Brandi Bishop-Phelps
i cannot erupt as lily bloom
do not ask me to
strapless summer dresses grazing unbent knees
run me down the side of the valley in moss
fern
bent branches
snap me from tree-limbs and do not recite your great aunt’s wisdom in paper syntax
snapdragons are for planting in old tires in forgotten side yards in patchy earth
i will run my hands along the ridges and lean into the bees
do you remember the bees?
they hum as scribes.
telling stories of why they are dying and how
sweet the black raspberry tastes to a mortal proboscis
we tell the bees and they tell us
no one is listening. they write it in honey and feed it to us
i spread myself as nettle
do not pretend i cannot
pricking my own palms in rustling gestures
an intentional fledging pushed out of wild northern nests
tumbling
silver maple seed
crush me as bolted basil in forgotten pots and stop your proselytizing.

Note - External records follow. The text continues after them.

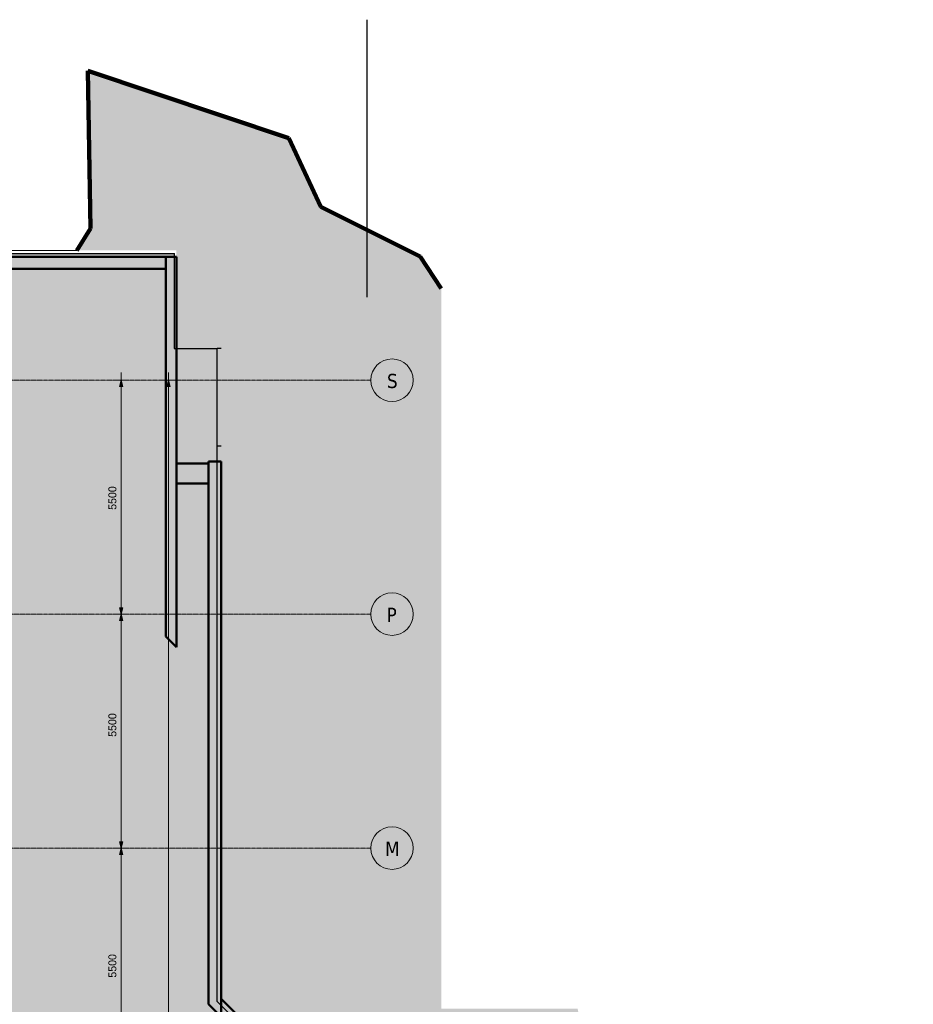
# Model space of a CAD drawing. Header units: millimetres. Extents: x -1224 to 86389, y -20577 to 46356.
# Tile 46 of 46: x 55872 to 76878, y 21155 to 44305. Entities that reach past the tile are written whole.
import ezdxf

# ---------------------------------------------------------------- set-up
doc = ezdxf.new("R2010")
doc.units = ezdxf.units.MM
doc.linetypes.add('stramien', pattern=[22.225, 12.7, -3.175, 3.175, -3.175])
for name, color, linetype, lineweight in [('A-ANNO-DIMS', 1, 'Continuous', 18), ('A-DETL', 5, 'Continuous', 18), ('A-WALL', 2, 'Continuous', 25), ('A-WALL-MBNI', 2, 'Continuous', 25), ('A-WALL-PATT', 2, 'Continuous', 50), ('C-TOPO', 2, 'Continuous', 18), ('L-SITE', 6, 'Continuous', 18), ('S-GRID', 1, 'Continuous', 18)]:
    doc.layers.add(name, color=color, linetype=linetype, lineweight=lineweight)
doc.styles.add('Frutiger', font='txt', dxfattribs={"height": 186.571782})
doc.styles.add('Tahoma', font='TAHOMA.TTF', dxfattribs={"height": 333.256173})

# ---------------------------------------------------------------- blocks, each defined once
blk = doc.blocks.new('28_Aronsohn_keerwand met trap westgevel - 28_Aronsohn_keerwand met trap westgevel-277490-Plotview plafond Kelder - 1 op 100')
at = {"layer": 'A-WALL-PATT', "lineweight": 25}
h = blk.add_hatch(color=7, dxfattribs=at)
h.paths.add_polyline_path([(59310, 38448), (59310, 38728), (43927, 38728), (43927, 38448), (57209, 38448)], flags=0)
h.paths.add_polyline_path([(42107, 38448), (42107, 38728), (26704, 38728), (26704, 38448), (37541, 38448)], flags=0)
at = {"layer": 'A-WALL', "color": 90, "lineweight": 50}
for p, q in [((43927, 38728), (59310, 38728)), ((59310, 38728), (59310, 38448)), ((59310, 38448), (43927, 38448))]:
    blk.add_line(p, q, dxfattribs=at)
blk = doc.blocks.new('28_Aronsohn_keerwand met trap noordzijde - 28_Aronsohn_keerwand met trap noordzijde-288702-Plotview plafond Kelder - 1 op 100')
at = {"layer": 'A-WALL-PATT', "lineweight": 25}
for color, points in [(7, [(59557, 29553), (59557, 38728), (59307, 38728), (59307, 29803)]), (130, [(60606, 34278), (60606, 36578), (60512, 36578), (60513, 34278), (60520, 34278)]), (130, [(60606, 33921), (60606, 34278), (60513, 34278), (60513, 34099), (60505, 33921)]), (7, [(60307, 33403), (60307, 33870), (59557, 33870), (59557, 33403)]), (7, [(60607, 20861), (60607, 33921), (60307, 33921), (60307, 21161)]), (7, [(67992, 13476), (68166, 13726), (60607, 21285), (60607, 20861), (67555, 13913), (67825, 13730), (67790, 13678)])]:
    blk.add_hatch(color=color, dxfattribs=at).paths.add_polyline_path(points, flags=0)
at = {"layer": 'A-WALL', "color": 90, "lineweight": 50}
for p, q in [((59307, 29803), (59307, 38728)), ((59307, 38728), (59557, 38728)), ((59557, 38728), (59557, 29553)), ((59557, 33403), (59557, 33870)), ((59557, 33870), (60307, 33870)), ((60307, 21161), (60307, 33921)), ((60307, 33921), (60607, 33921)), ((60307, 33870), (60307, 33403)), ((60607, 33921), (60607, 20861)), ((60307, 33403), (59557, 33403)), ((59557, 29553), (59307, 29803)), ((60607, 20861), (60307, 21161)), ((60607, 20861), (60607, 21285)), ((60607, 21285), (68166, 13726)), ((67555, 13913), (60607, 20861)), ((67992, 13476), (67790, 13678)), ((68166, 13726), (67992, 13476))]:
    blk.add_line(p, q, dxfattribs=at)
at = {"layer": 'A-WALL-MBNI', "color": 7}
for p, q in [((60606, 36578), (60512, 36578)), ((60606, 34278), (60513, 34278))]:
    blk.add_line(p, q, dxfattribs=at)

msp = doc.modelspace()

# ---------------------------------------------------------------- hatches: boundary and pattern name
at = {"layer": 'A-ANNO-DIMS'}
for points in [[(58259.8, 35828.2), (58219.6, 35678.2), (58300, 35678.2)], [(59371.1, 35828.2), (59330.9, 35678.2), (59411.3, 35678.2)], [(58259.8, 30328.2), (58300, 30478.2), (58219.6, 30478.2)], [(58259.8, 30328.2), (58300, 30478.2), (58219.6, 30478.2)], [(58259.8, 30328.2), (58219.6, 30178.2), (58300, 30178.2)], [(58259.8, 30328.2), (58219.6, 30178.2), (58300, 30178.2)], [(58259.8, 24828.2), (58300, 24978.2), (58219.6, 24978.2)], [(58259.8, 24828.2), (58300, 24978.2), (58219.6, 24978.2)], [(58259.8, 24828.2), (58219.6, 24678.2), (58300, 24678.2)], [(58259.8, 24828.2), (58219.6, 24678.2), (58300, 24678.2)]]:
    msp.add_hatch(color=256, dxfattribs=at).paths.add_polyline_path(points, flags=0)
at = {"layer": 'C-TOPO', "lineweight": 5}
msp.add_hatch(color=254, dxfattribs=at).paths.add_polyline_path([(46395.7, -6689.6), (76878.4, -6689.6), (76878.4, 10310.2), (72039.9, 4923), (70991.1, 8697), (70680.1, 10815.4), (70422.7, 10923.4), (70335.5, 12281.7), (70405.4, 13180.7), (70412.8, 13802), (68987.6, 21053.2), (65782.5, 21053.2), (65782.5, 37984.1), (65288, 38738), (62950.8, 39903.3), (62196.5, 41520), (57474.9, 43099.8), (57533.2, 39394.9), (57216, 38879.3), (59555.7, 38879.3), (59555.7, 36579.3), (60605.7, 36579.3), (60605.7, 21286.5), (68161.6, 13730.6), (65997.7, 10522.1), (65553.4, 9844.9), (65187.7, 9122.1), (64902.4, 8364), (64698.3, 7580), (64575.9, 6779.2), (64535.7, 5970.2), (64535.7, 719.3), (31915.7, 719.3), (31915.7, 4737.7), (7958.2, 6058.7), (7954.6, 6039.1), (12725.7, 5779.5), (12725.7, 3028.4), (7337.8, 3028.4), (7329.7, 2996.6), (7278.9, 2762.4), (10970.9, 2762.4), (10970.9, -4496.9), (8149.5, -5438.9), (8157.8, -5647), (14762, -3441.9), (15326.1, -5131.5), (10659.5, -6689.6), (44948.3, -6689.6)], flags=0)
at = {"layer": 'L-SITE'}
for color, points in [(253, [(32623.4, 753), (64434.6, 753), (64434.6, 6039.6), (64476.6, 6413), (64529.5, 6784.9), (64593.3, 7155.2), (64667.8, 7523.4), (64753.1, 7889.3), (64849.1, 8252.5), (64955.6, 8612.8), (65072.7, 8969.8), (65200.1, 9323.2), (65337.8, 9672.8), (65497.2, 10043.1), (65643.6, 10359), (65814.6, 10701.1), (65989, 11026.2), (66176.2, 11352), (66372.9, 11672.1), (66578.8, 11986.3), (66793.8, 12294.4), (67017.8, 12596), (67250.5, 12891), (67491.8, 13179), (67741.3, 13459.8), (67999, 13733.2), (60504.6, 21227.6), (60504.6, 36578.2), (59504.6, 36578.2), (59504.6, 38804.2), (54785.1, 38804.2), (54785.1, 35797.5), (54750.1, 35797.5), (54750.9, 35559.2), (54786.6, 35559.2), (54786.6, 33996.7), (54750.1, 33996.7), (54750.9, 33993.7), (54786.6, 33993.7), (54786.6, 32431.2), (54750.1, 32431.2), (54750.9, 31892.2), (54786.6, 31892.2), (54786.6, 30329.7), (54750.1, 30329.7), (54750.9, 30326.7), (54786.6, 30326.7), (54786.6, 28764.2), (54750.1, 28764.2), (54750.9, 28225.2), (54786.6, 28225.2), (54786.6, 26662.7), (54750.1, 26662.7), (54750.9, 26659.7), (54786.6, 26659.7), (54786.6, 25097.2), (54750.1, 25097.2), (54750.9, 24559.2), (54786.6, 24559.2), (54786.6, 22996.7), (54750.1, 22996.7), (54750.9, 22993.7), (54786.6, 22993.7), (54786.6, 21431.2), (54750.1, 21431.2), (54750.9, 20876.7), (54786.6, 20876.7), (54786.6, 19329.9), (54750.1, 19329.9), (54750.9, 19326.9), (54786.6, 19326.9), (54786.6, 17770), (54750.1, 17770), (54750.9, 17225.2), (54786.6, 17225.2), (54786.6, 15662.7), (54750.1, 15662.7), (54750.9, 15659.7), (54786.6, 15659.7), (54786.6, 14097.2), (54750.1, 14097.2), (54750.9, 13559.2), (54786.6, 13559.2), (54786.6, 11996.7), (54750.1, 11996.7), (54750.9, 11993.7), (54786.6, 11993.7), (54786.6, 10431.2), (54750.1, 10431.2), (54750.9, 9892.2), (54786.6, 9892.2), (54786.6, 8329.7), (54750.1, 8329.7), (54750.9, 8326.7), (54786.6, 8326.7), (54786.6, 6764.2), (54750.1, 6764.2), (54750.9, 6225.2), (54786.6, 6225.2), (54786.6, 4662.7), (54750.1, 4662.7), (54750.9, 4659.7), (54786.6, 4659.7), (54786.6, 3097.2), (54750.1, 3097.2), (54750.1, 2047.5), (36578.3, 2047.5), (36578.3, 4875.6), (35378.3, 4875.6), (35378.3, 4558.8), (31895.1, 4748.3), (31895.1, 753)]), (256, [(54785.1, 38804.2), (59504.6, 38804.2), (59510.3, 38808), (54785.1, 38808)]), (256, [(59504.6, 38727.9), (59510.4, 38727.9), (59510.3, 38808), (59504.6, 38804.2)]), (256, [(60504.6, 33920.5), (60513, 34099.4), (60511.6, 36578.2), (60504.6, 36578.2)])]:
    msp.add_hatch(color=color, dxfattribs=at).paths.add_polyline_path(points, flags=0)

# ---------------------------------------------------------------- linework, layer by layer
at = {"layer": 'A-ANNO-DIMS'}
for p, q in [((58259.8, 36008.2), (58259.8, 30328.2)), ((59371.1, 36008.2), (59371.1, 2648.2)), ((58439.8, 35828.2), (58079.8, 35828.2)), ((58259.8, 35828.2), (58219.6, 35678.2)), ((58219.6, 35678.2), (58300, 35678.2)), ((58300, 35678.2), (58259.8, 35828.2)), ((58259.8, 35828.2), (58439.8, 35828.2)), ((59551.1, 35828.2), (59191.1, 35828.2)), ((59371.1, 35828.2), (59330.9, 35678.2)), ((59330.9, 35678.2), (59411.3, 35678.2)), ((59411.3, 35678.2), (59371.1, 35828.2)), ((59371.1, 35828.2), (59551.1, 35828.2)), ((58439.8, 30328.2), (58079.8, 30328.2)), ((58439.8, 30328.2), (58079.8, 30328.2)), ((58300, 30478.2), (58219.6, 30478.2)), ((58219.6, 30478.2), (58259.8, 30328.2)), ((58300, 30478.2), (58219.6, 30478.2)), ((58219.6, 30478.2), (58259.8, 30328.2)), ((58259.8, 30328.2), (58219.6, 30178.2)), ((58259.8, 30328.2), (58219.6, 30178.2)), ((58259.8, 30328.2), (58300, 30478.2)), ((58259.8, 30328.2), (58300, 30478.2)), ((58259.8, 30328.2), (58259.8, 24828.2)), ((58300, 30178.2), (58259.8, 30328.2)), ((58259.8, 30328.2), (58439.8, 30328.2)), ((58300, 30178.2), (58259.8, 30328.2)), ((58259.8, 30328.2), (58439.8, 30328.2)), ((58219.6, 30178.2), (58300, 30178.2)), ((58219.6, 30178.2), (58300, 30178.2)), ((58439.8, 24828.2), (58079.8, 24828.2)), ((58439.8, 24828.2), (58079.8, 24828.2)), ((58300, 24978.2), (58219.6, 24978.2)), ((58219.6, 24978.2), (58259.8, 24828.2)), ((58300, 24978.2), (58219.6, 24978.2)), ((58219.6, 24978.2), (58259.8, 24828.2)), ((58259.8, 24828.2), (58219.6, 24678.2)), ((58259.8, 24828.2), (58219.6, 24678.2)), ((58259.8, 24828.2), (58300, 24978.2)), ((58259.8, 24828.2), (58300, 24978.2)), ((58259.8, 24828.2), (58259.8, 19328.2)), ((58300, 24678.2), (58259.8, 24828.2)), ((58259.8, 24828.2), (58439.8, 24828.2)), ((58300, 24678.2), (58259.8, 24828.2)), ((58259.8, 24828.2), (58439.8, 24828.2)), ((58219.6, 24678.2), (58300, 24678.2)), ((58219.6, 24678.2), (58300, 24678.2))]:
    msp.add_line(p, q, dxfattribs=at)
at = {"layer": 'A-DETL', "lineweight": 25}
msp.add_line((64036.6, 37778.2), (64036.6, 44305.3), dxfattribs=at)
at = {"layer": 'C-TOPO', "lineweight": 100}
for p, q in [((57474.9, 43099.8), (57525.9, 39857.4)), ((62196.5, 41520), (57474.9, 43099.8)), ((62950.8, 39903.3), (62196.5, 41520)), ((57525.9, 39857.4), (57533.2, 39394.9)), ((65288, 38738), (62950.8, 39903.3)), ((57533.2, 39394.9), (57216, 38879.3)), ((65782.5, 37984.1), (65288, 38738))]:
    msp.add_line(p, q, dxfattribs=at)
at = {"layer": 'C-TOPO'}
for p, q in [((57216, 38879.3), (17045.7, 38879.3)), ((40846.1, 38879.3), (57216, 38879.3)), ((40846.1, 38879.3), (57216, 38879.3))]:
    msp.add_line(p, q, dxfattribs=at)
at = {"layer": 'L-SITE'}
for p, q in [((54785.1, 38808), (59510.3, 38808)), ((59510.3, 38808), (59504.6, 38804.2)), ((59510.3, 38808), (59510.4, 38727.9)), ((60511.6, 36578.2), (60504.6, 36578.2)), ((60511.6, 36578.2), (60513, 34099.4))]:
    msp.add_line(p, q, dxfattribs=at)
at = {"layer": 'L-SITE', "lineweight": 25}
for p, q in [((54785.1, 38804.2), (59504.6, 38804.2)), ((59504.6, 38804.2), (59504.6, 36578.2)), ((59504.6, 36578.2), (60504.6, 36578.2)), ((60504.6, 36578.2), (60504.6, 21227.6)), ((60504.6, 21227.6), (67999, 13733.2))]:
    msp.add_line(p, q, dxfattribs=at)
at = {"layer": 'S-GRID', "linetype": 'stramien'}
for p, q in [((-1224, 35828.2), (64124.1, 35828.2)), ((-1224, 30328.2), (64124.1, 30328.2)), ((-1224, 24828.2), (64124.1, 24828.2))]:
    msp.add_line(p, q, dxfattribs=at)
at = {"layer": 'S-GRID'}
for centre in [(64624.1, 35828.2), (64624.1, 30328.2), (64624.1, 24828.2)]:
    msp.add_circle(centre, 500, dxfattribs=at)
for centre, start, end in [((64624.1, 35828.2), 90, 270), ((64624.1, 35828.2), 270, 90), ((64624.1, 30328.2), 90, 270), ((64624.1, 30328.2), 270, 90), ((64624.1, 24828.2), 90, 270), ((64624.1, 24828.2), 270, 90)]:
    msp.add_arc(centre, 500, start, end, dxfattribs=at)

# ---------------------------------------------------------------- block references
at = {"lineweight": 25}
for name in ['28_Aronsohn_keerwand met trap westgevel - 28_Aronsohn_keerwand met trap westgevel-277490-Plotview plafond Kelder - 1 op 100', '28_Aronsohn_keerwand met trap noordzijde - 28_Aronsohn_keerwand met trap noordzijde-288702-Plotview plafond Kelder - 1 op 100']:
    msp.add_blockref(name, (0, 0), dxfattribs=at)

# ---------------------------------------------------------------- texts
at = {"layer": 'A-ANNO-DIMS', "char_height": 186.57, "width": 713.924, "attachment_point": 1, "rotation": 90, "line_spacing_factor": 1.017696, "style": 'Frutiger'}
for insert in [(57956.8, 32780.7), (57956.8, 27443.7), (57956.8, 21780.7)]:
    msp.add_mtext('5500', dxfattribs=dict(at, insert=insert))
at = {"layer": 'S-GRID', "style": 'Tahoma'}
for s, p in [('S', (64506.5, 35645)), ('P', (64498.1, 30145)), ('M', (64460.5, 24645))]:
    msp.add_text(s, height=333.3, dxfattribs=at).set_placement(p)

doc.saveas('drawing.dxf')

i was the one there when they cut down the old willow
i watched the callous way they tore through her gown
ran steel along her roots
this is why i cannot believe anything
i will not erase measureless springs
do not ask again
i have buried dandelions in the folds of my arms
dried coneflower against my skin for un-winged pollinators
mustards and mulberries
pressed in memorandum
No. fold me rooted beneath a Douglas fir and do not speak at all.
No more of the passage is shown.